[ENTRIES PROVIDED]

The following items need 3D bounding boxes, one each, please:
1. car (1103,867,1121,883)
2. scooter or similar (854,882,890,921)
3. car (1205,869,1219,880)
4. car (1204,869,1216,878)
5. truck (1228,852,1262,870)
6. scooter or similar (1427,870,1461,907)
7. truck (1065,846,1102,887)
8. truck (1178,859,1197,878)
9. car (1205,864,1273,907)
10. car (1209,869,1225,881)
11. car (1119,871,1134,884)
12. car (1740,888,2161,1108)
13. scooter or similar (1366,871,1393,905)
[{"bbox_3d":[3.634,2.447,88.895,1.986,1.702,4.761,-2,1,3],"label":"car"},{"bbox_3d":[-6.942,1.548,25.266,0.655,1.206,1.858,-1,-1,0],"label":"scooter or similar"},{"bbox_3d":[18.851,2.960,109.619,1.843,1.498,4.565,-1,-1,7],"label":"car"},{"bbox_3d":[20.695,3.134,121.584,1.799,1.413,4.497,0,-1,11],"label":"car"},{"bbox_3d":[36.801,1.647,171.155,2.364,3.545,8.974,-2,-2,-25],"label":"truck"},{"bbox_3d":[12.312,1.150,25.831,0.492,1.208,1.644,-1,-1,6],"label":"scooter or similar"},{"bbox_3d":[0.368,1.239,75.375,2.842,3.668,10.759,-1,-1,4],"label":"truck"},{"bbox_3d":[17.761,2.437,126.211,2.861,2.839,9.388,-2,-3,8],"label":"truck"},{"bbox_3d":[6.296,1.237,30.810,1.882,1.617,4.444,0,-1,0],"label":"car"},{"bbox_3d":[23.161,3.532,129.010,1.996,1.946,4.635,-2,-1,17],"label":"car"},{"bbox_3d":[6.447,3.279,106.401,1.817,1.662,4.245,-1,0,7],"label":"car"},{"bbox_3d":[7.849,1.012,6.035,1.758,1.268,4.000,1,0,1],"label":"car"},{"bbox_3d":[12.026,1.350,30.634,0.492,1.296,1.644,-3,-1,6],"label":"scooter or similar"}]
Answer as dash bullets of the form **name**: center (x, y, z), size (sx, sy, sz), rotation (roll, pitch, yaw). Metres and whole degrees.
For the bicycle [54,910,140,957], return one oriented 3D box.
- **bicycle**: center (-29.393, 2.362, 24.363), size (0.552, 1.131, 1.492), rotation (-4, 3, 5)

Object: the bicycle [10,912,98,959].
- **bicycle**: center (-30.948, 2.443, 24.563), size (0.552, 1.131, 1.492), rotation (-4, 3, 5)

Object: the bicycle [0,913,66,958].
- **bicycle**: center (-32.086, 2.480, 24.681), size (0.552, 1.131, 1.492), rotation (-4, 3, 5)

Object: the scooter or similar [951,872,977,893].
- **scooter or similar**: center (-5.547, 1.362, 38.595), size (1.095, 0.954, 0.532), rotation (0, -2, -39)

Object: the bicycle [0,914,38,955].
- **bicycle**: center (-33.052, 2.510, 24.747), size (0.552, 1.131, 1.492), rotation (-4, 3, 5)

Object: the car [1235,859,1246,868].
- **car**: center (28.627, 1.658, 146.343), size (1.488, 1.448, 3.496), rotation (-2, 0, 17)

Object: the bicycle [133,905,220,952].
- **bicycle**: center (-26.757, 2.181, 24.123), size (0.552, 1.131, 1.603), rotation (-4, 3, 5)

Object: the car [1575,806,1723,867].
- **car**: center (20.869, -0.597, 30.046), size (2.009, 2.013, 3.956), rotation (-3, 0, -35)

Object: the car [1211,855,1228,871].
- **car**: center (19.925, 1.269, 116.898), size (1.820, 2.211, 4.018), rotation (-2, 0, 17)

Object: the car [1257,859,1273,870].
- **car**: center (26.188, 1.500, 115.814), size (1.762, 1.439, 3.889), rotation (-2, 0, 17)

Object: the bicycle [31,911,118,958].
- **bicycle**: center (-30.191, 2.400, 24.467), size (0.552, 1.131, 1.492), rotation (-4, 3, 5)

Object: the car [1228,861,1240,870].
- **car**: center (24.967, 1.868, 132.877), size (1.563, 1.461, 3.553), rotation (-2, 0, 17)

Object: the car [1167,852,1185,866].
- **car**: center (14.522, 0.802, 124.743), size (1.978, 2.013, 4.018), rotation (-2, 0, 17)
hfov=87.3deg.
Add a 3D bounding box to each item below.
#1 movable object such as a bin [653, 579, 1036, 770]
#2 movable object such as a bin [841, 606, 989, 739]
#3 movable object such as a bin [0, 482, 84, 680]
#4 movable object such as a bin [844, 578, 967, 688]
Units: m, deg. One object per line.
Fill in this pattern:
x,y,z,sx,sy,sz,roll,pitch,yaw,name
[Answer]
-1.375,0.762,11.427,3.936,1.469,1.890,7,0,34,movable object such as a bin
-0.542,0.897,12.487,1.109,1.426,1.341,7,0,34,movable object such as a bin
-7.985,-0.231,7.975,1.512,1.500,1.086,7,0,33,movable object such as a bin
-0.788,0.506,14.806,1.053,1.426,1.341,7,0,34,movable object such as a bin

[/ENTRIES PROVIDED]

Give again, word for word, the records from their first line to the one with "12. car (1740,888,2161,1108)", and leave out all else.

The following items need 3D bounding boxes, one each, please:
1. car (1103,867,1121,883)
2. scooter or similar (854,882,890,921)
3. car (1205,869,1219,880)
4. car (1204,869,1216,878)
5. truck (1228,852,1262,870)
6. scooter or similar (1427,870,1461,907)
7. truck (1065,846,1102,887)
8. truck (1178,859,1197,878)
9. car (1205,864,1273,907)
10. car (1209,869,1225,881)
11. car (1119,871,1134,884)
12. car (1740,888,2161,1108)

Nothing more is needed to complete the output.